Mr. Zahab’s arrest comes as Australians have been on heightened alert. The terrorism threat level in the country was elevated to “probable” in September 2014, and since then there have been four attacks tied to terrorism in Australia. Prime Minister Malcolm Turnbull said that a dozen more have been foiled and that more than 60 people have been charged as a result of counterterrorism operations across the country.

Of particular concern to many Australians is the rise in the number of terrorism suspects born and raised in the country. About 100 Australians are believed to be fighting with or engaged in terrorist groups in Syria and Iraq, according to the Attorney General’s Department. The government is working to strengthen laws to prosecute returning foreign fighters.

In recent days, Mr. Turnbull, who has seized on Mr. Zahab’s arrest as “yet another reminder of the enduring threat we face from Islamist terrorism,” has ramped up his language, declaring his country’s objective is to kill Islamic State fighters.

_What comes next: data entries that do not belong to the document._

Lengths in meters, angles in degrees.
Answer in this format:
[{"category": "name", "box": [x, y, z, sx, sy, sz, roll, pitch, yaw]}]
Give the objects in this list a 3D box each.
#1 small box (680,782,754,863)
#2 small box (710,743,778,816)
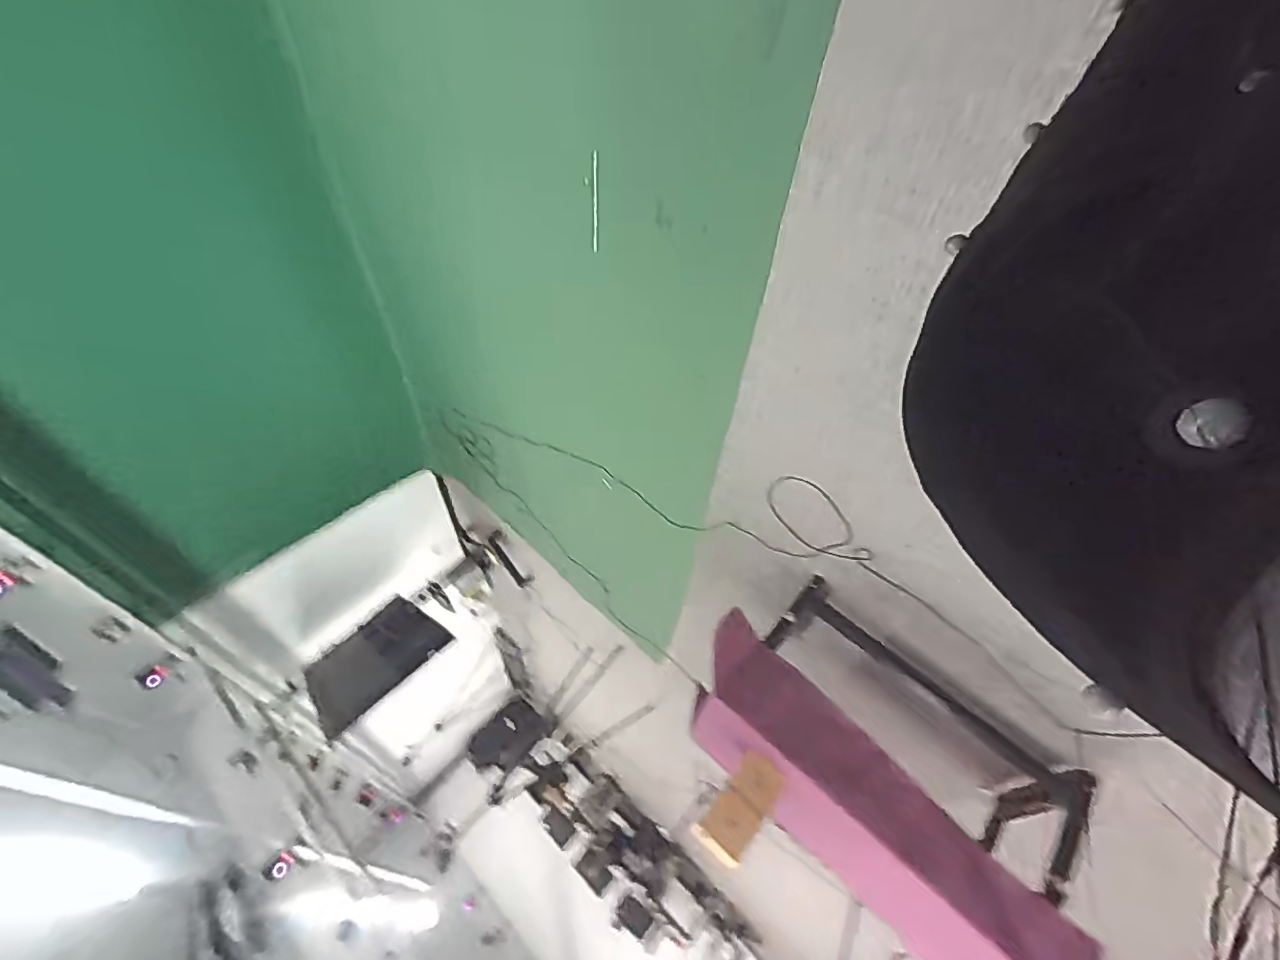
[{"category": "small box", "box": [0.270, 1.197, 1.903, 0.179, 0.176, 0.168, 37, 147, 23]}, {"category": "small box", "box": [0.381, 1.111, 1.990, 0.179, 0.176, 0.168, 36, 146, 24]}]
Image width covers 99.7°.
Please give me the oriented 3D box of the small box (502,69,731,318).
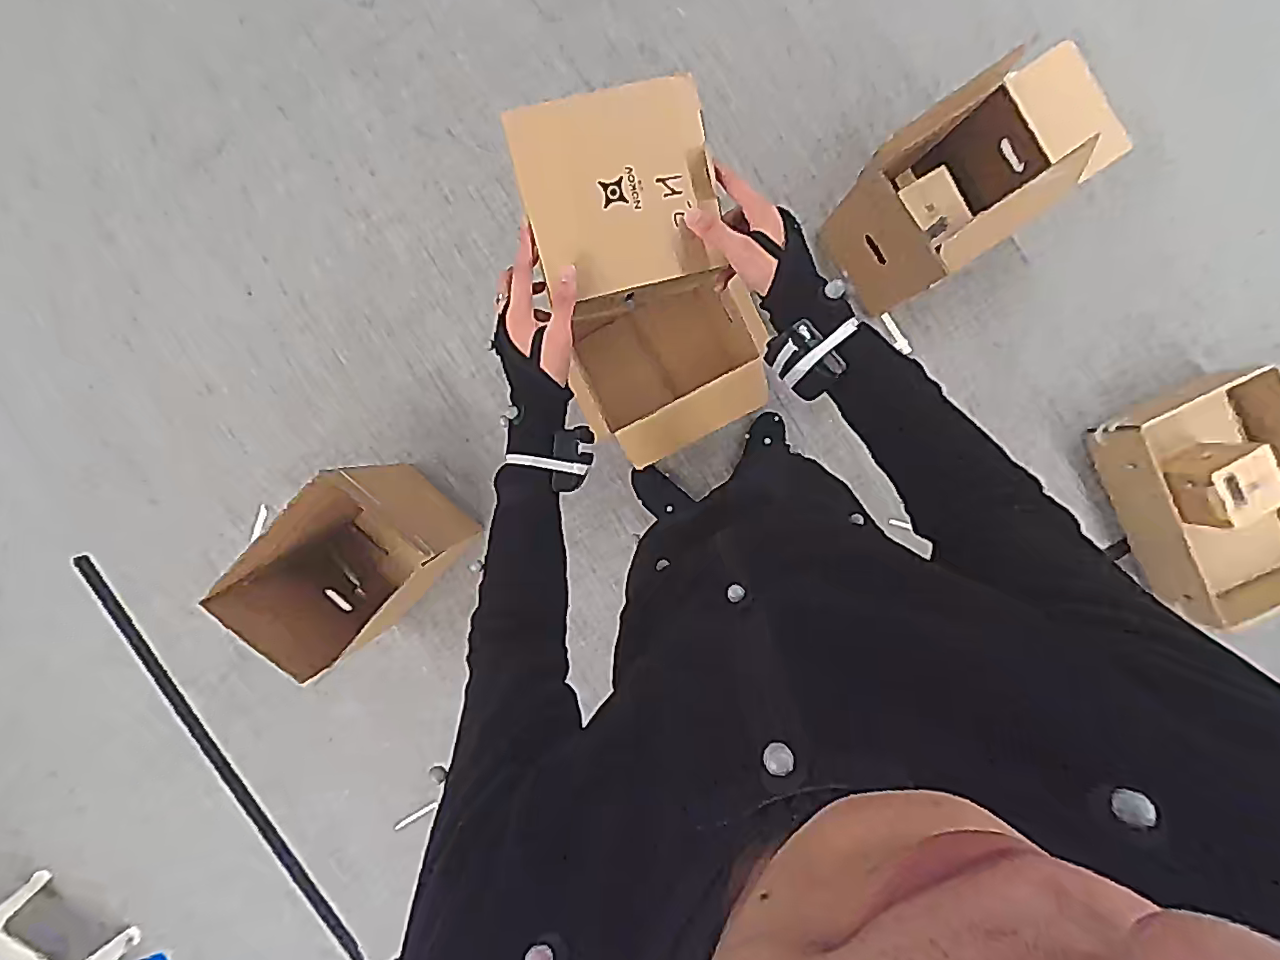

“Our goal as far as those who serve with Daesh in the Middle East is to kill them,” he said, using the Arabic acronym for the Islamic State. “Let me be quite frank — that is our goal.”

But Dr. Jones, the terrorism expert, cautioned against vilifying a whole community based on the actions of one person.

“The more than 70 odd families that are there are hardworking, productive members of the Young community,” he said.